* **What you should do**
The answer must restate the listing word for word, without its images.

* **Information shown**
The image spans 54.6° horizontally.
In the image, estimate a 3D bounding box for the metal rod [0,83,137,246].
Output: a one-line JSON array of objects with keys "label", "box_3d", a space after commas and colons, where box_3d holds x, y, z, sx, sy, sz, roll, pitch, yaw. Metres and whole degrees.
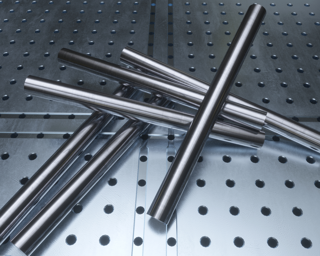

* **Answer box**
The image spans 54.6° horizontally.
In the image, estimate a 3D bounding box for the metal rod [0,83,137,246].
Output: a one-line JSON array of objects with keys "label", "box_3d", a space after commas and colons, where box_3d holds x, y, z, sx, sy, sz, roll, pitch, yaw. Metres and whole degrees.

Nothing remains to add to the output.